Who are you and why?
I am Esther Donkers and I was born in 1972 on the day Nixon was elected president. This fact thankfully has had no bearing on my life whatsoever, but it’s mentioned in my baby memory book, which also features the indispensable lock of my baby hair and the hospital bracelet made out of actual beads.
When I met you, you were a writer and a nurse, nowadays you work in education. When and why did you switch careers? Do you enjoy it? Was it something you always wanted, or was it something that you discovered during you life that you enjoyed?
It happened organically. I had a job developing teaching materials when a nursing teacher position became available. Since they needed somebody quickly, they asked me to fill that position. I ended up staying in that job for a year, teaching a group and also visiting them during their internships. I really enjoyed it. Since in The Netherlands it’s no longer allowed to teach without having the required paperwork, I thought long and hard and eventually decided to go back to school at 42 years old. I wasn’t the only one: my 40 classmates were all between 40 and 50 years old.
Like me, you went back to school as an adult. How did you reach that decision? How did your environment respond to you going back to school and how did that make you feel? How was your study experience? Was it what you thought it would be?

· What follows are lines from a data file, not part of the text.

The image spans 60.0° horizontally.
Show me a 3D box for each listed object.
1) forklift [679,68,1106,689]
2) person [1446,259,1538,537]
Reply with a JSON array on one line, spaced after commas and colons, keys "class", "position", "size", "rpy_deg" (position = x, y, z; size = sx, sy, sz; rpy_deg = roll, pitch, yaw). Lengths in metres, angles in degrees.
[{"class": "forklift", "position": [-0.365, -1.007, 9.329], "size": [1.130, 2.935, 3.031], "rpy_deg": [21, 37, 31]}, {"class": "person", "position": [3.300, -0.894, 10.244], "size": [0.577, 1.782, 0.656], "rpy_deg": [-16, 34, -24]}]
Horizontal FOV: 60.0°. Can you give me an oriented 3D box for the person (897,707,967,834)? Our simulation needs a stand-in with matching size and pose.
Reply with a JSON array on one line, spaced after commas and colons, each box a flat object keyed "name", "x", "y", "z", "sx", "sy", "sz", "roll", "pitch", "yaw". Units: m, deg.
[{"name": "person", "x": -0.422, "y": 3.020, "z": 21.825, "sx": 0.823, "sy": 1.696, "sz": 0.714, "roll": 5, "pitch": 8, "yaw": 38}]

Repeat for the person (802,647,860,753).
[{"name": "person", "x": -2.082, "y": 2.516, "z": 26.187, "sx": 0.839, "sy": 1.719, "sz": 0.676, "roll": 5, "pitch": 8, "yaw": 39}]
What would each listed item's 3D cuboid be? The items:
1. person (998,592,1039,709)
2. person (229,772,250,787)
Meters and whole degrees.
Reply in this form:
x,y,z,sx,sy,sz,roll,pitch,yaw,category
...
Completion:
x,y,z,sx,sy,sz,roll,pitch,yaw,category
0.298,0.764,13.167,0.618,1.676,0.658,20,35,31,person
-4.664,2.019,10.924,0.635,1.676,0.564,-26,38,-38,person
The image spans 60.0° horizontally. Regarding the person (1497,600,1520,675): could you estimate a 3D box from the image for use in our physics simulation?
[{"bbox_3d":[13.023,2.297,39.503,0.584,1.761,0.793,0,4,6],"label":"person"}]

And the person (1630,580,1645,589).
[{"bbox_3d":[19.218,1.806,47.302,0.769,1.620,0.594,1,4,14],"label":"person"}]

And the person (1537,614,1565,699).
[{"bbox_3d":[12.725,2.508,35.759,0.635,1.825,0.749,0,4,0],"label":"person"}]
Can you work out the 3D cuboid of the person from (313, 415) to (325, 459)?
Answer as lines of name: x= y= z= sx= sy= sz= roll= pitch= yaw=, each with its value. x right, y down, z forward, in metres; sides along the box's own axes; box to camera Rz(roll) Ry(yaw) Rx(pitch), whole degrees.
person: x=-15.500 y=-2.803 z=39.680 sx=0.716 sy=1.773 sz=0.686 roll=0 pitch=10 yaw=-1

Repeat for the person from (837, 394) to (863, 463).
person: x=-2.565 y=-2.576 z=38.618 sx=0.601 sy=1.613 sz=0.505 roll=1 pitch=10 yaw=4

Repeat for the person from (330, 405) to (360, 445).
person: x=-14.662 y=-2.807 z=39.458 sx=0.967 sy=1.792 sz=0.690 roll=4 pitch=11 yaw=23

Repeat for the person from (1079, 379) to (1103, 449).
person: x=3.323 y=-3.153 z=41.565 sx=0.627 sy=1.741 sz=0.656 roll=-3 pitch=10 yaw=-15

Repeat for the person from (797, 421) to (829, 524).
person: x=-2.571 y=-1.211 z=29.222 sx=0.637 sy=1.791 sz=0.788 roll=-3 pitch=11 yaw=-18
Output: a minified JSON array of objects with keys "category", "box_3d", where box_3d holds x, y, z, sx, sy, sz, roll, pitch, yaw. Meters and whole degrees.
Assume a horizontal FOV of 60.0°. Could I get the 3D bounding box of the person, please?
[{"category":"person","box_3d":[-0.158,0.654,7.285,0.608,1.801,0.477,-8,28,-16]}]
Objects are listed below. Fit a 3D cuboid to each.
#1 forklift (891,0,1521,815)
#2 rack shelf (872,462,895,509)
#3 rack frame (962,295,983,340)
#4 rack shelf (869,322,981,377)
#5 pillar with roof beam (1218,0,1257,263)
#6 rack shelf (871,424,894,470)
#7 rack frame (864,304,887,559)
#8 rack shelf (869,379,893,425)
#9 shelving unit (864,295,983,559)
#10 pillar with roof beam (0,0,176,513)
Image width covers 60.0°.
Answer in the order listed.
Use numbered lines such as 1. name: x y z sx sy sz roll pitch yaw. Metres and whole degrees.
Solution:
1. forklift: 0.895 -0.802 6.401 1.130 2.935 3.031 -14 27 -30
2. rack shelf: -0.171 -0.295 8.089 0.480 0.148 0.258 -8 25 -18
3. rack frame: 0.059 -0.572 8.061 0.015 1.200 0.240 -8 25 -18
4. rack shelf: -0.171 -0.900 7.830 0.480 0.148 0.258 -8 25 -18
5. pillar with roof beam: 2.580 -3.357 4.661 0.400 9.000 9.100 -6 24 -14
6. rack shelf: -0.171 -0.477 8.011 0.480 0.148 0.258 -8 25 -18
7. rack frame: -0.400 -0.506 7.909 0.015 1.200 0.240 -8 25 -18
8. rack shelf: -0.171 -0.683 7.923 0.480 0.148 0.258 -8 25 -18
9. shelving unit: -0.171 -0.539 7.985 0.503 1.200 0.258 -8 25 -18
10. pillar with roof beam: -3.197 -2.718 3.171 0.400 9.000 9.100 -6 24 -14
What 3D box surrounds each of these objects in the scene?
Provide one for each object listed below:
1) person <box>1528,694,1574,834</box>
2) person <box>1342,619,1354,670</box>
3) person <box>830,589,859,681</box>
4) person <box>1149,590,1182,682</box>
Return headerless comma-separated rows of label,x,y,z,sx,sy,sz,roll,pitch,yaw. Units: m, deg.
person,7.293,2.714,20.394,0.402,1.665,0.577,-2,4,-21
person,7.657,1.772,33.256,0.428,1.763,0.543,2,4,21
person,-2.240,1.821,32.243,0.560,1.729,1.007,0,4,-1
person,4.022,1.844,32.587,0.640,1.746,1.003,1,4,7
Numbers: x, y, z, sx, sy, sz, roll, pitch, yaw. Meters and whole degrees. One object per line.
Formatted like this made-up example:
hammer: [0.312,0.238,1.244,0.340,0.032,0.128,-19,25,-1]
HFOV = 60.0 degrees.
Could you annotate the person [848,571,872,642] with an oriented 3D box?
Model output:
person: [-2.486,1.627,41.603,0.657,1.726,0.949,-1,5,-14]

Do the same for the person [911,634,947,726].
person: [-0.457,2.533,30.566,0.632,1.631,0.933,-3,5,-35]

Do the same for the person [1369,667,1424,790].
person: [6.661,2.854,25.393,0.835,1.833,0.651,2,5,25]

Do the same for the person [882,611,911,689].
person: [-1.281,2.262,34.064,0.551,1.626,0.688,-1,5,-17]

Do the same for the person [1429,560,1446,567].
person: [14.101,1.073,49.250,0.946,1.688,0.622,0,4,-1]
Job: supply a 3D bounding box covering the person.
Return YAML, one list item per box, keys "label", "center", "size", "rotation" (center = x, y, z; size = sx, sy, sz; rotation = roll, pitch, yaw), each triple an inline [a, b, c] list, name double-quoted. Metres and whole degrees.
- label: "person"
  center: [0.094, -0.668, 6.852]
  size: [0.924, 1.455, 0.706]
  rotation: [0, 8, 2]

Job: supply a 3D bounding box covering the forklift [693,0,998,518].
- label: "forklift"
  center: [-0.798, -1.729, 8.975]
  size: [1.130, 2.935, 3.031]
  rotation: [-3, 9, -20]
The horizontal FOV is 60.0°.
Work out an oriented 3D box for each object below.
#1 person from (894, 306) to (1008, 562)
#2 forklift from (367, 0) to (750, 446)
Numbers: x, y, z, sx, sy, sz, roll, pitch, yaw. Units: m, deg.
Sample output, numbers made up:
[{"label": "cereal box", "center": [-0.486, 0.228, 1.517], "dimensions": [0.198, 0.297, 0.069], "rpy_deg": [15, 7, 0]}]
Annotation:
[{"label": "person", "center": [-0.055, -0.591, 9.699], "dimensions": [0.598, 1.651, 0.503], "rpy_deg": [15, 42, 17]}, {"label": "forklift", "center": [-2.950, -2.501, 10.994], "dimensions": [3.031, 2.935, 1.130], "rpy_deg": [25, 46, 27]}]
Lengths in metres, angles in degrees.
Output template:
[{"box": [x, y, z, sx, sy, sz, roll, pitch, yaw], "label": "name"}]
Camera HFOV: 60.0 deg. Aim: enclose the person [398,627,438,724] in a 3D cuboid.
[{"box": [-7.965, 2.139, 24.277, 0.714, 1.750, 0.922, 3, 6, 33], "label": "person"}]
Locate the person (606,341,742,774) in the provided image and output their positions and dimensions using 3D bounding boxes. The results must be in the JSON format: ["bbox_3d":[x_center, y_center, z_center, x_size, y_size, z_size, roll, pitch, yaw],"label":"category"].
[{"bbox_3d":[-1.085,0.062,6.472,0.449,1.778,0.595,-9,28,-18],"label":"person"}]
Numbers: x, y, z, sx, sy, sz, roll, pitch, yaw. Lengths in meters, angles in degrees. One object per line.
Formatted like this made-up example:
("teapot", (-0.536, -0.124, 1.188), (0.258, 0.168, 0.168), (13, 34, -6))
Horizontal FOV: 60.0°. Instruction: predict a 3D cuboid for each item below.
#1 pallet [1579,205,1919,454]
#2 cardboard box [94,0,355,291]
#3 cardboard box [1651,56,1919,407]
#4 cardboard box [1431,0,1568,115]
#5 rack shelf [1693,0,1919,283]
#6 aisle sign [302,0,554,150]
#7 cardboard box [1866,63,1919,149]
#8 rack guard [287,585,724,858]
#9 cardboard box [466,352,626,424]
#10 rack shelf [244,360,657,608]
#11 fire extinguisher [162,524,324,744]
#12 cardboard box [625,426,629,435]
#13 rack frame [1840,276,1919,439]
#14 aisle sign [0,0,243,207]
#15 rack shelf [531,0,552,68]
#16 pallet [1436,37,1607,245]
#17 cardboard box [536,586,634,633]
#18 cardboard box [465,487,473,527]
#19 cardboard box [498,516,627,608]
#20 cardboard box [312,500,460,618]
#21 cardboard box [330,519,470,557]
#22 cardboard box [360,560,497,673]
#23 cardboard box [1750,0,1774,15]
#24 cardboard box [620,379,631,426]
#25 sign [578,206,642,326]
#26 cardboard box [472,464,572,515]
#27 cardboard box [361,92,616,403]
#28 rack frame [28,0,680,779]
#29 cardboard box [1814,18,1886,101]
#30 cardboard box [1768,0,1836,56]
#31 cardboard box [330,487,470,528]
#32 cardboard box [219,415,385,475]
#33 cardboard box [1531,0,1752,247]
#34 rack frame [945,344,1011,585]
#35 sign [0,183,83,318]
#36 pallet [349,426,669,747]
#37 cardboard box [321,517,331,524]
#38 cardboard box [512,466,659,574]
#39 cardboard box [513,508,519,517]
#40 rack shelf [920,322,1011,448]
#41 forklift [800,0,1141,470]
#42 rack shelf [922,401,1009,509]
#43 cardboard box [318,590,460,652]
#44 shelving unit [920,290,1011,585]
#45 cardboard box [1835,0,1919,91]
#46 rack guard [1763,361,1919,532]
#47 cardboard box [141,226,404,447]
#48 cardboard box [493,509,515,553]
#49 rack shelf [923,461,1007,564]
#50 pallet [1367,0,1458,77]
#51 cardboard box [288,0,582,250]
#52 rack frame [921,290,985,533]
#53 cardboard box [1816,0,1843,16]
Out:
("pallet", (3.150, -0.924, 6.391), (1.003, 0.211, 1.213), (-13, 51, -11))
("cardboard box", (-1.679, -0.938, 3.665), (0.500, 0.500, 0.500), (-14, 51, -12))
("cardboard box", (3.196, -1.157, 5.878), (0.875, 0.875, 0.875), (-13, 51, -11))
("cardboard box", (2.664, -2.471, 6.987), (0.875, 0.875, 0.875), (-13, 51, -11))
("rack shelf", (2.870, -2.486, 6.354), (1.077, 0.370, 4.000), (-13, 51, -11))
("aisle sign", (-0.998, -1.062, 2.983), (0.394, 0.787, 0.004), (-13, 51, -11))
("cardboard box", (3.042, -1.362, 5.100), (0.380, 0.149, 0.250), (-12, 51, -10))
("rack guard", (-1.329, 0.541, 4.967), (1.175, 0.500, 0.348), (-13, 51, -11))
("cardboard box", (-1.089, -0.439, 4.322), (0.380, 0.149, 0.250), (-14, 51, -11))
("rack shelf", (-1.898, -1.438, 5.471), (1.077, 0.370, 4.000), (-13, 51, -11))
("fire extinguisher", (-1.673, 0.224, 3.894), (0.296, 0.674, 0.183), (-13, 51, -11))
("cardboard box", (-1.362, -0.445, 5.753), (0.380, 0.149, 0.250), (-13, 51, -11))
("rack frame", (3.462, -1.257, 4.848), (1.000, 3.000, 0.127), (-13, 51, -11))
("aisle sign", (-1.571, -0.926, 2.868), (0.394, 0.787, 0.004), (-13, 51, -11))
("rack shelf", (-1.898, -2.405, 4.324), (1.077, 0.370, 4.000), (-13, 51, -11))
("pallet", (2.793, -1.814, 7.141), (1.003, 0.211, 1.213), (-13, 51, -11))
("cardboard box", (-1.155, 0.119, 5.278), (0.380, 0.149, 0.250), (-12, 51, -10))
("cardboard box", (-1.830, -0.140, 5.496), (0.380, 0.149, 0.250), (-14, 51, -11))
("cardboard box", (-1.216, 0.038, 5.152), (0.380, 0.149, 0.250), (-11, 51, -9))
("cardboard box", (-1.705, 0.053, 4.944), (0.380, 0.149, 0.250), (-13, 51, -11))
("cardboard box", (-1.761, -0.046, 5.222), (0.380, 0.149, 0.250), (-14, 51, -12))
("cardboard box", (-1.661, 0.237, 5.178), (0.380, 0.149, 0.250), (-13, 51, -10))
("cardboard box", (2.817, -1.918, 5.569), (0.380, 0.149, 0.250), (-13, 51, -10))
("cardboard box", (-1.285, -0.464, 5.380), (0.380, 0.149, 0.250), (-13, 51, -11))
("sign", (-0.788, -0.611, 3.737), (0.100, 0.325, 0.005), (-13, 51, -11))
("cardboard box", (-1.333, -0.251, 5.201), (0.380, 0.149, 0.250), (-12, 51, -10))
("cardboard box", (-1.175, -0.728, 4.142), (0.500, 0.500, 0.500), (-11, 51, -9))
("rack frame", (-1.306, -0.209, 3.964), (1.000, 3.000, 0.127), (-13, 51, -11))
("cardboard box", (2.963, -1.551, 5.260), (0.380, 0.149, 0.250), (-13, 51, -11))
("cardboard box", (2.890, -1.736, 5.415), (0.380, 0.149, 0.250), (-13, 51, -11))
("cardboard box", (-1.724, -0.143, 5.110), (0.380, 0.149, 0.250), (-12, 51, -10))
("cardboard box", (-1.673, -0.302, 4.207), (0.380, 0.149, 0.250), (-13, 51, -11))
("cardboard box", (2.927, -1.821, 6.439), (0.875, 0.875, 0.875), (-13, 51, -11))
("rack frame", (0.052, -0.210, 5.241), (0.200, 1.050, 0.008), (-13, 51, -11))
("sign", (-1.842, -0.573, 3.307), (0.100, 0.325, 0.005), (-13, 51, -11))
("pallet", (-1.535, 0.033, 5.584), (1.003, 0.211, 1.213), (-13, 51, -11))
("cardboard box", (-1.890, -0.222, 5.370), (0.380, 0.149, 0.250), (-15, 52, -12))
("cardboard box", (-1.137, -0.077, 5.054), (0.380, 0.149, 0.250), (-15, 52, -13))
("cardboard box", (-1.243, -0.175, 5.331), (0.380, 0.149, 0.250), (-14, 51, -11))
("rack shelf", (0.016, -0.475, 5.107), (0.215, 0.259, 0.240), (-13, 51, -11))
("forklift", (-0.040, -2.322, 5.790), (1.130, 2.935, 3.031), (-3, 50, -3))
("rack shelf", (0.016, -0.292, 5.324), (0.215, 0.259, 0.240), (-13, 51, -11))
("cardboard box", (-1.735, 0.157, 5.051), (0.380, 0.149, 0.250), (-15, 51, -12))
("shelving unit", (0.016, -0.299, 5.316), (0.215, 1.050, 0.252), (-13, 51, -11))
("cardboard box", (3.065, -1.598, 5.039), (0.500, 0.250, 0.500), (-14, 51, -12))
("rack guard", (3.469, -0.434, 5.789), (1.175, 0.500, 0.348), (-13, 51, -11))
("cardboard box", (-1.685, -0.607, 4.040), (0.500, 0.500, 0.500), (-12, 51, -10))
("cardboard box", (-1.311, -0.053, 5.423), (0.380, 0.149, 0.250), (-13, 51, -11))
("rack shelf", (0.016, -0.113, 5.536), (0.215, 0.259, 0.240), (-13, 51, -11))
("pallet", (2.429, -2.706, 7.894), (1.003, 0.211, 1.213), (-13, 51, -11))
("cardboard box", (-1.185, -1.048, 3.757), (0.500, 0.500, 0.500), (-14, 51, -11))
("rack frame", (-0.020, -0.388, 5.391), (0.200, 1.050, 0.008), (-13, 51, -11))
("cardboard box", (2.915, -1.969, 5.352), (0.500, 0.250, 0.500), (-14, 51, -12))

I thought about it for a long time, because of my age, the cost, the time investment. The first college I approached, didn’t want to give me any dispensations, but the school I eventually ended up going to thankfully did. My environment responded very positively to my decision, my family has been very supportive. It helps that we have always divided family tasks and that my husband is used to run the household by himself. He almost always cooks anyway, if busy times are ahead he even cooks in advance. My studies turned out to not be hard, but very time consuming. I don’t want to elicit pity, but my studies, combined with working as a teacher (and thus a lot of “homework”), has taken up all my weekends in the last 2,5 years. I decided to go for a job close to home, as I wouldn’t be able to keep up working in the Randstad (about 150 km/94 miles from where Esther lives) while also studying in Leeuwarden (a city about 90 km/55 miles from where she lives).
Because of this job change and because of books and other study costs, our family income was reduced by 700 euros (around 860 US dollars) a month. Even when I then got a job as a teacher this didn’t change much: it’s not the best paid career.
All in all, we have had to make some pretty big sacrifices, and I’ve sometimes berated my 18-year-old self for not having finished my studies at that age – all my careers (nurse, journalist and writer) were started at an older age.
I like teaching a lot, but it’s also very hard. The students, teenagers at MBO level (senior vocational education – LP) are not always the easiest group to instruct, and a lot of necessary conditions for teaching aren’t met. Like with nursing it’s all about those magical moments, when you manage to really teach somebody something, a fun class, having a good interaction with a student.
On Instagram you regularly post about rowing, more specifically longboat rowing. How did your discover this sport and what do you like about it so much? What has longboat rowing added to your life?
A friend of mine has been rowing in longboats for 20 years and thought it might be something I’d enjoy. I already had experience with “regular” rowing from the age of 16 on, so I decided to try this out. I liked it so much that I joined the longboat rowing club in Hattem, and I’ve been rowing with them for three seasons now. This sport has brought me so much: it has taught me that my body (1.90m/6’3”) isn’t graceless, but strong. It has really changed the way I view my body. The being outside on the water, the huge physical effort: it empties my head and I feel completely free in my body and mind.
What would you still like to accomplish in life?
That my son becomes an adult who can choose to live his life the way he wants to. I would also like to teach in a country that is less well off than The Netherlands. I would like to finish the two manuscripts I have lying around and perhaps see them being published, although I am not holding my breath. I would like to study script writing. And I would like to go on beautiful and perhaps also useful journeys with our son.